### GIVEN RECORDS

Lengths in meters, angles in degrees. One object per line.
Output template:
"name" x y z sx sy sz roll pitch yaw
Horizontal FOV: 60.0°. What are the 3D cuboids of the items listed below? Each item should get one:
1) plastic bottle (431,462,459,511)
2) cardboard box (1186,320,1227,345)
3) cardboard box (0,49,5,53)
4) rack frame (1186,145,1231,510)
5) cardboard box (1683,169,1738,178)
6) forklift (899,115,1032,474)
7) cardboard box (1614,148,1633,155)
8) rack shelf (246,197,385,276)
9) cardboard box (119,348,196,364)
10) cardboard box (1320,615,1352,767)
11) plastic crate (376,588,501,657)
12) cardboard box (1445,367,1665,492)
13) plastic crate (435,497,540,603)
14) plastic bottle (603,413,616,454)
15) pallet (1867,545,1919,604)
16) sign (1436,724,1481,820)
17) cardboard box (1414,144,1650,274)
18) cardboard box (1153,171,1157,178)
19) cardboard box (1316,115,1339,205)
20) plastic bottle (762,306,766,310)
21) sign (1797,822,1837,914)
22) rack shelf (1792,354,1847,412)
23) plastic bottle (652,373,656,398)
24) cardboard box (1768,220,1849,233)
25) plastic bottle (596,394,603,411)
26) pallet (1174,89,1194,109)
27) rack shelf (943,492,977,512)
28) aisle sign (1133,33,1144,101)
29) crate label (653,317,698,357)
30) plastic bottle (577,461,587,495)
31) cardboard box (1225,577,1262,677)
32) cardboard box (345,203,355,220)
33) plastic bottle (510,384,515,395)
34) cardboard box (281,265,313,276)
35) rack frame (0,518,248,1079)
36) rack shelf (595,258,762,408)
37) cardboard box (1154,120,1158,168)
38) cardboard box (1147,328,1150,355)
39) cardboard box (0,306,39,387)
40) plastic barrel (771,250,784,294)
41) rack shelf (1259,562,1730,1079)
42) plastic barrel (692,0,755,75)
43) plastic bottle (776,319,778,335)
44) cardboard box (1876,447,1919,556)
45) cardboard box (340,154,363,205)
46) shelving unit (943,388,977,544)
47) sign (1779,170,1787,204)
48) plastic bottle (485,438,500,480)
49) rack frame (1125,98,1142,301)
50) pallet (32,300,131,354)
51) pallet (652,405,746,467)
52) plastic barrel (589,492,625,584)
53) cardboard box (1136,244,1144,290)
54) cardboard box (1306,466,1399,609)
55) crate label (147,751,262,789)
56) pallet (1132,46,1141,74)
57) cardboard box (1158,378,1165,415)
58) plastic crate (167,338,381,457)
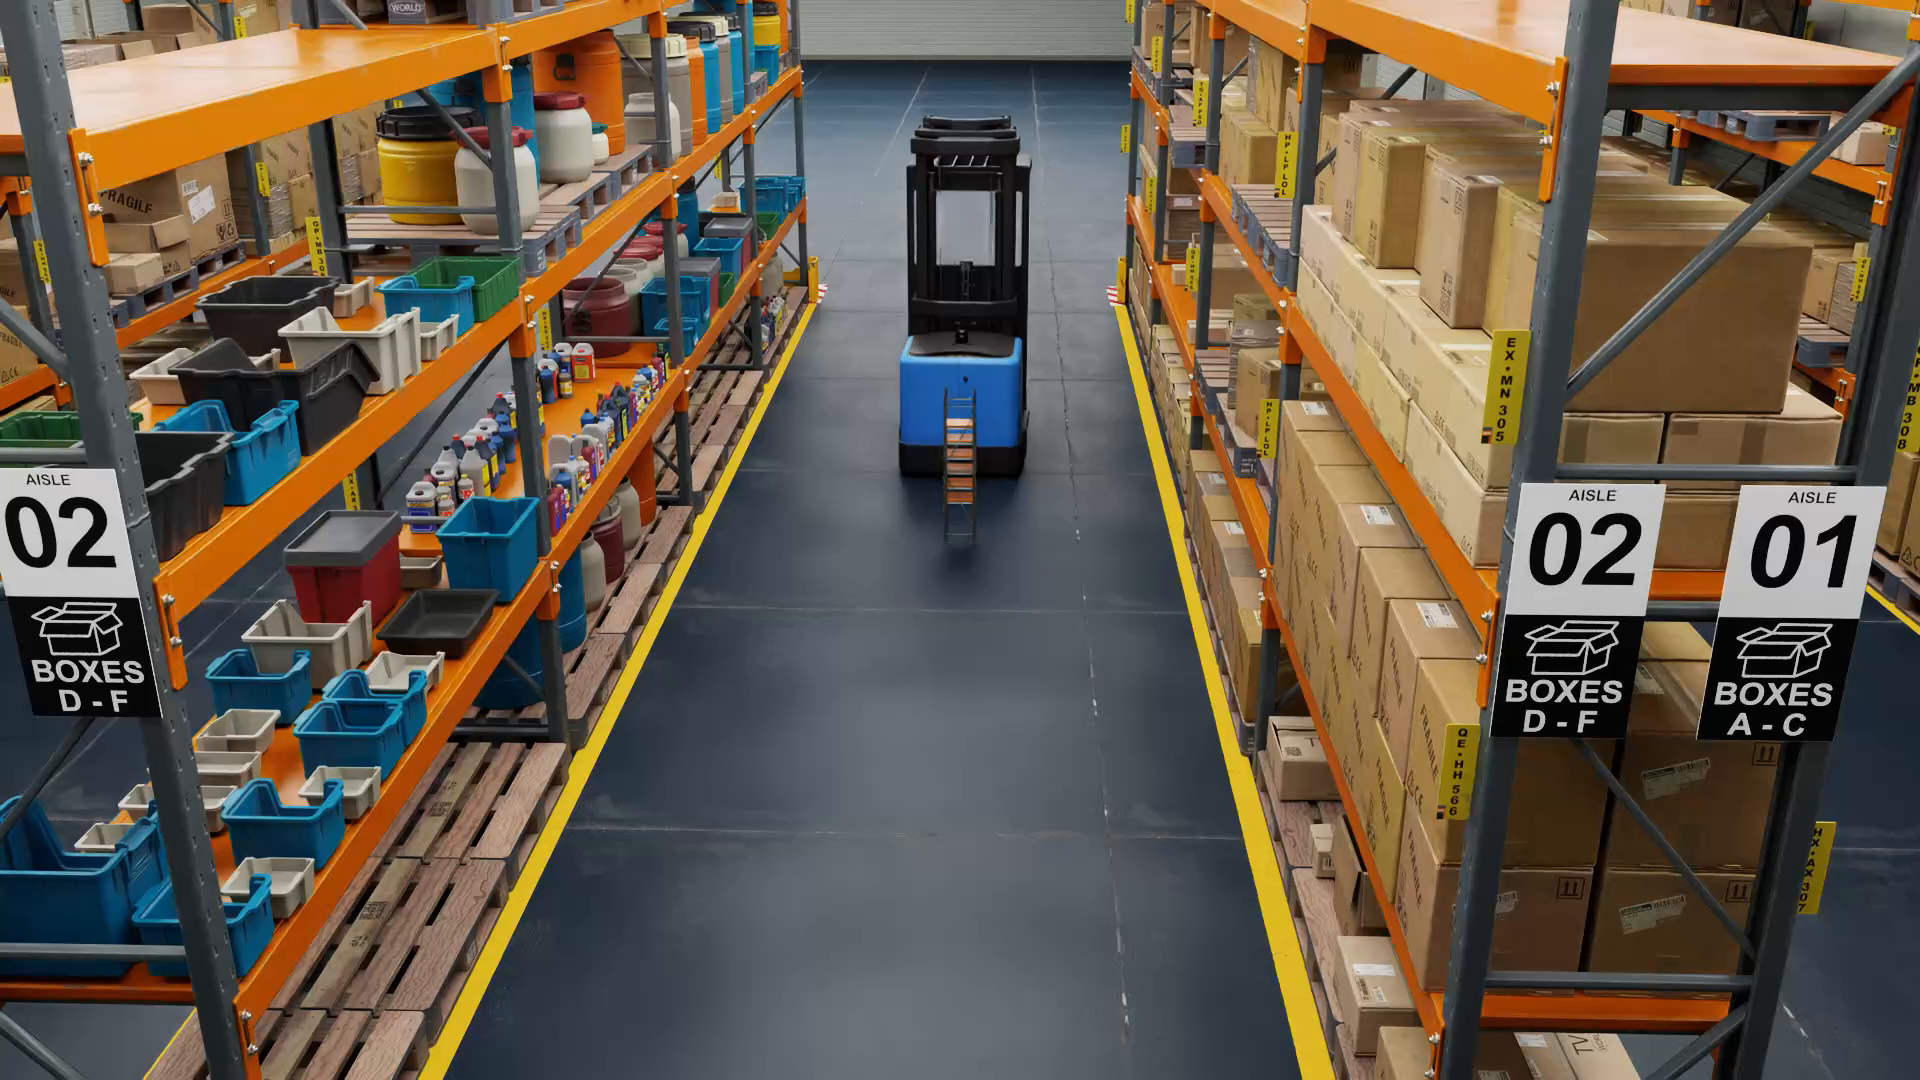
"plastic bottle" -3.068 -0.319 9.875 0.152 0.276 0.135 1 21 2
"cardboard box" 2.056 -1.700 13.611 0.380 0.149 0.250 1 21 2
"cardboard box" -7.828 -3.638 13.282 0.500 0.500 0.500 1 21 1
"rack frame" 2.305 -1.489 12.719 1.000 3.000 0.127 1 21 2
"cardboard box" 7.620 -3.526 17.112 0.500 0.500 0.500 1 21 1
"forklift" 0.088 -2.427 15.232 1.130 2.935 3.031 1 21 4
"cardboard box" 7.137 -4.083 18.547 0.500 0.500 0.500 0 21 0
"rack shelf" -7.415 -3.433 18.725 1.077 0.370 4.000 1 21 2
"cardboard box" -7.566 -1.489 15.567 0.700 0.500 0.500 -1 21 -3
"cardboard box" 1.851 0.642 7.089 0.500 0.500 0.500 0 21 1
"plastic crate" -2.534 0.410 8.124 0.437 0.125 0.590 1 21 2
"cardboard box" 1.822 -0.346 5.145 0.500 0.250 0.500 1 21 2
"plastic crate" -2.441 0.054 8.683 0.392 0.384 0.575 1 21 2
"plastic bottle" -2.304 -0.697 10.857 0.097 0.271 0.097 0 21 0
"pallet" 7.157 0.149 12.354 1.003 0.211 1.213 1 21 2
"sign" 1.507 0.703 5.032 0.100 0.325 0.005 1 21 2
"cardboard box" 2.177 -1.235 6.398 0.700 0.500 0.500 1 21 2
"cardboard box" 2.260 -3.844 17.754 0.380 0.149 0.250 1 21 3
"cardboard box" 2.272 -1.911 8.805 0.600 0.600 0.600 -1 21 -3
"plastic bottle" -2.185 -2.523 18.644 0.097 0.201 0.097 0 21 0
"sign" 2.604 1.006 5.093 0.100 0.325 0.005 1 21 2
"rack shelf" 7.317 -1.823 14.576 1.077 0.370 4.000 1 21 2
"plastic bottle" -2.264 -1.141 12.097 0.097 0.201 0.097 0 21 0
"cardboard box" 7.315 -2.510 14.604 0.700 0.500 0.500 4 21 9
"plastic bottle" -2.417 -0.861 11.262 0.061 0.283 0.133 1 21 2
"pallet" 2.412 -3.925 15.116 0.805 0.209 1.217 0 21 -1
"rack shelf" 0.000 -0.299 12.928 0.258 0.103 0.180 1 21 2
"aisle sign" 2.244 -5.620 19.774 0.394 0.787 0.004 1 21 2
"crate label" -2.259 -1.615 13.276 0.303 0.233 0.416 1 21 2
"plastic bottle" -2.328 -0.378 10.131 0.097 0.201 0.097 0 21 0
"cardboard box" 1.935 0.557 10.293 0.500 0.500 0.500 1 21 2
"cardboard box" -7.097 -3.726 18.832 0.380 0.149 0.250 1 21 2
"plastic bottle" -3.063 -0.920 11.415 0.061 0.283 0.133 1 21 2
"cardboard box" -7.411 -2.854 19.113 0.500 0.500 0.500 3 21 7
"rack frame" -2.890 1.348 5.409 1.000 3.000 0.127 1 21 2
"rack shelf" -2.586 -1.932 14.857 1.077 0.370 4.000 1 21 2
"cardboard box" 2.479 -4.291 18.011 0.700 0.500 0.500 1 21 2
"cardboard box" 2.222 -2.019 17.307 0.500 0.250 0.500 1 21 2
"cardboard box" -7.364 -1.465 12.519 0.500 0.500 0.500 1 21 3
"plastic barrel" -2.347 -3.234 20.077 0.421 0.512 0.421 0 21 0
"rack shelf" 2.122 1.016 7.258 1.077 0.370 4.000 1 21 2
"plastic barrel" -2.387 -5.178 16.806 0.600 0.901 0.708 1 21 2
"plastic bottle" -2.048 -2.349 18.197 0.097 0.201 0.097 0 21 0
"cardboard box" 7.103 -0.365 12.214 0.750 0.750 0.750 0 21 1
"cardboard box" -7.352 -4.116 18.941 0.875 0.500 0.500 1 21 2
"shelving unit" 0.000 -0.565 12.825 0.258 1.200 0.189 1 21 2
"sign" 7.933 -3.417 16.088 0.100 0.325 0.005 1 21 2
"plastic bottle" -2.927 -0.504 10.360 0.097 0.271 0.097 0 21 0
"rack frame" 2.548 -4.381 20.174 1.000 3.000 0.127 1 21 2
"pallet" -7.682 -1.769 13.706 1.213 0.211 1.003 1 21 2
"pallet" -2.544 -0.964 15.222 1.003 0.211 1.213 1 21 2
"plastic barrel" -2.679 -0.031 11.715 0.600 0.588 0.708 1 21 2
"cardboard box" 2.294 -3.092 19.034 0.500 0.500 0.500 1 21 2
"cardboard box" 1.856 -0.016 7.402 0.500 0.500 0.500 0 21 0
"crate label" -3.039 0.940 6.740 0.396 0.136 0.243 1 21 2
"pallet" 2.500 -5.483 18.989 1.003 0.211 1.213 1 21 2
"cardboard box" 2.136 -1.334 15.540 0.500 0.250 0.500 0 21 0
"plastic crate" -2.569 -0.571 6.293 0.504 0.338 0.767 1 21 2
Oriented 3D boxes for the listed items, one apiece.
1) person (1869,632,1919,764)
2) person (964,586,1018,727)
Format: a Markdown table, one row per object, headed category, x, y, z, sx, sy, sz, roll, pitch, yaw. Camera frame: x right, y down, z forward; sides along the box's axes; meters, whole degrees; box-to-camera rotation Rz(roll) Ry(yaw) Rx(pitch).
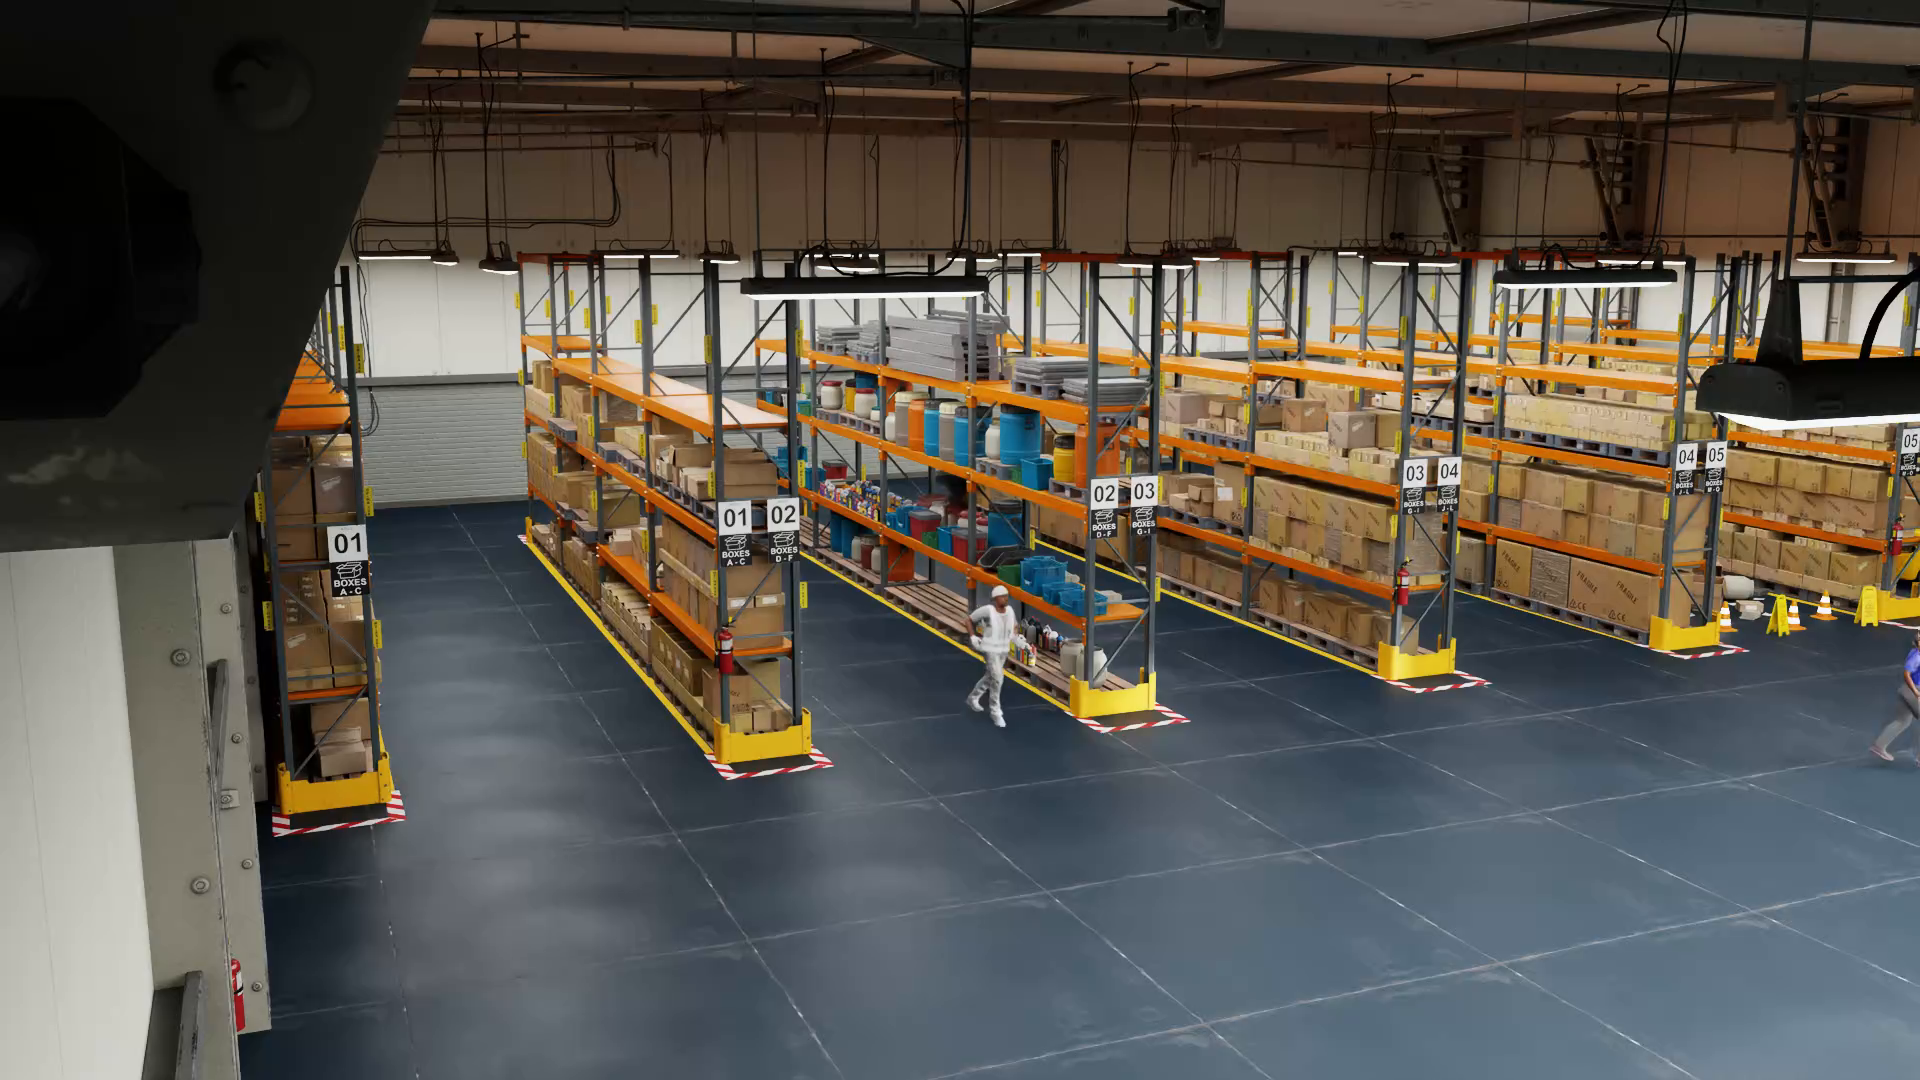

### DIRECTIONS
Would you retype exactly the lines above, from the line with "37) cardboard box (1154,120,1158,168)" to the line with "43) plastic bottle (776,319,778,335)", with both end lines kept and nothing more?

### SOLUTION BELOW
37) cardboard box (1154,120,1158,168)
38) cardboard box (1147,328,1150,355)
39) cardboard box (0,306,39,387)
40) plastic barrel (771,250,784,294)
41) rack shelf (1259,562,1730,1079)
42) plastic barrel (692,0,755,75)
43) plastic bottle (776,319,778,335)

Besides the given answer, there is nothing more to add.